If $Q_r$ is the charge of the sphere when it has been built up to the radius $r$, the work done in bringing a charge $dQ$ to it is
$dW=dQ\times V_r$
$\Rightarrow dW=\frac{Q_{r}dQ}{4\pi {\epsilon }_{0}r}...\left(1\right)$

If the density of charge in the sphere is $\rho$, the charge $Q_r$ is $Q_r=\rho \times \frac{4}{3}\pi r^3$.

and the charge $dQ$ is $dQ=\rho \times 4\pi r^{2}dr$

Substituting the value in $\left(1\right)$, we get
$dW=\frac{4\pi {\rho }^2{r}^{4}dr}{3{ϵ}_0}$.

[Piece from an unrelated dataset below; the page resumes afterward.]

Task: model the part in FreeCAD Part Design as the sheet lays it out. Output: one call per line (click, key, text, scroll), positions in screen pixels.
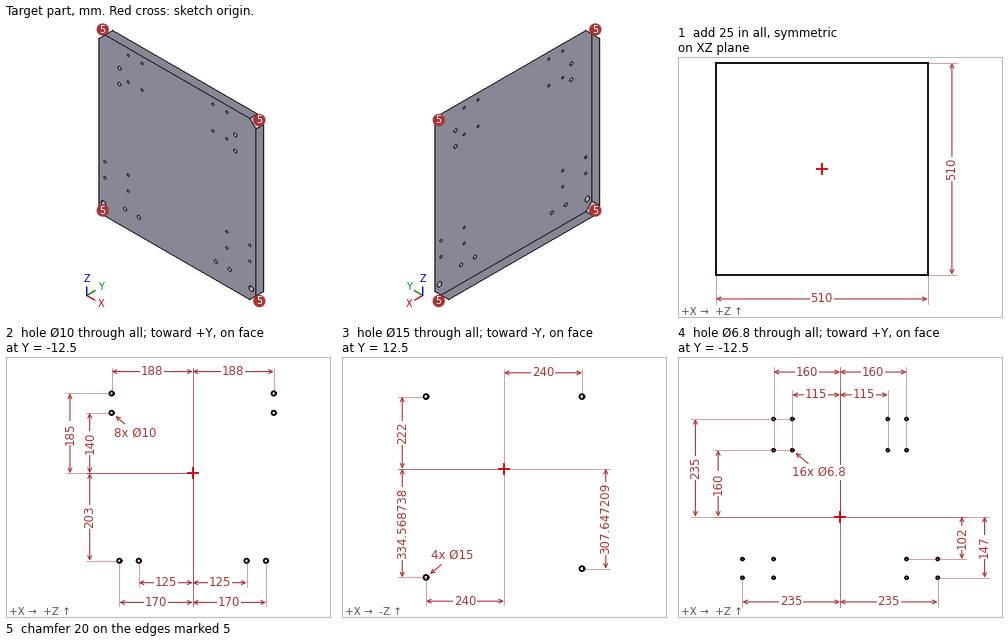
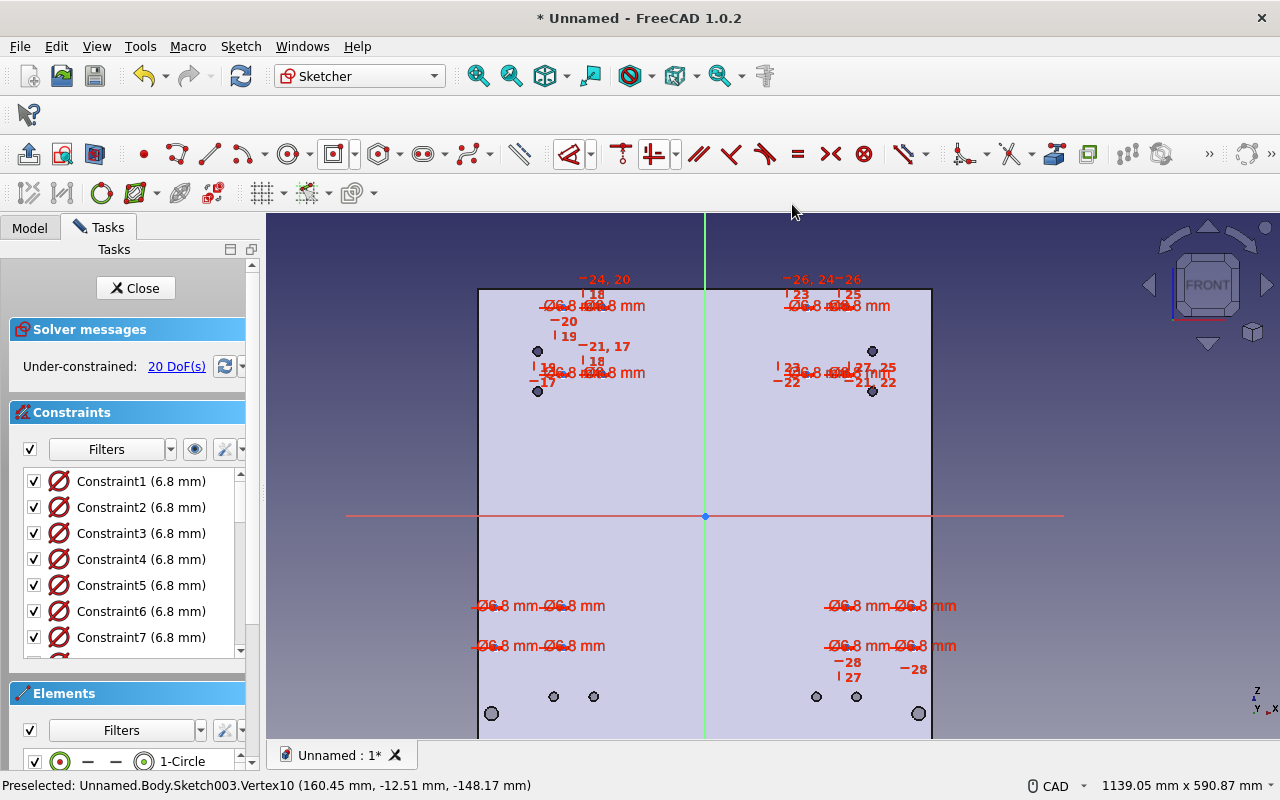
click(848, 648)
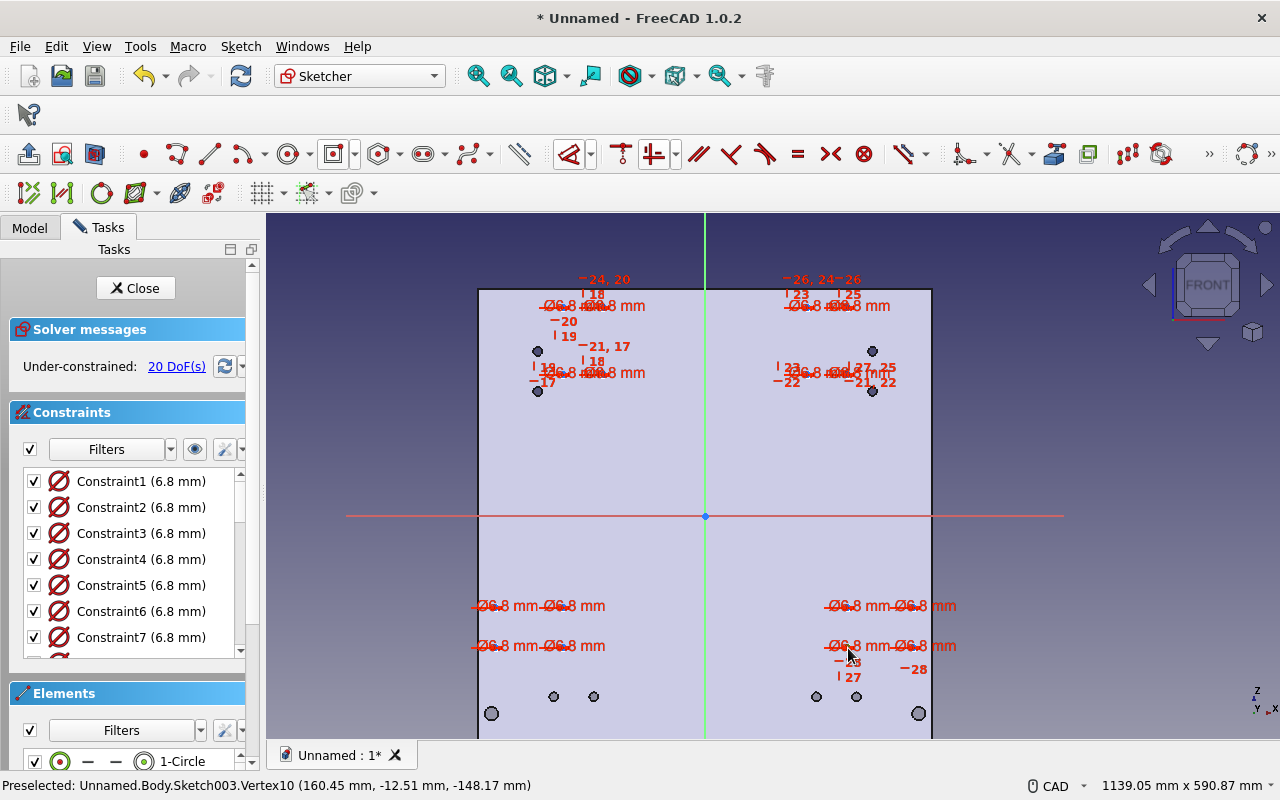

The work done required to assemble the sphere is the integral of $dW$ from $r=0$ to $r=R$

$\int dW={\int }_0^R\frac{4\pi {\rho }^2{r}^{4}dr}{3{\epsilon }_0}$

$\Rightarrow W=\frac{4\pi {\rho }^2{R}^5}{15{\epsilon }_0}$

Work done in terms of the total charge $Q=\rho \frac{4}{3}\pi R^3$ of the sphere,

$W=\frac{4\pi {\left(\frac{3Q}{4\pi R^3}\right)}^2{R}^5}{15{\epsilon }_0}$

$\Rightarrow W=\frac{1}{4\pi {\epsilon }_0}\frac{3}{5}\frac{Q^2}{R}$

Putting $\frac{1}{4\pi {\epsilon }_0}=K$, we get $W=\frac{3}{5}\frac{K{Q}^2}{R}$

Hence, option (a) is the correct answer.

Why this question? Note : The work done in gathering the charges together from infinity is called the self energy of the body. It is also the work required to break the system apart [constant of binding energy]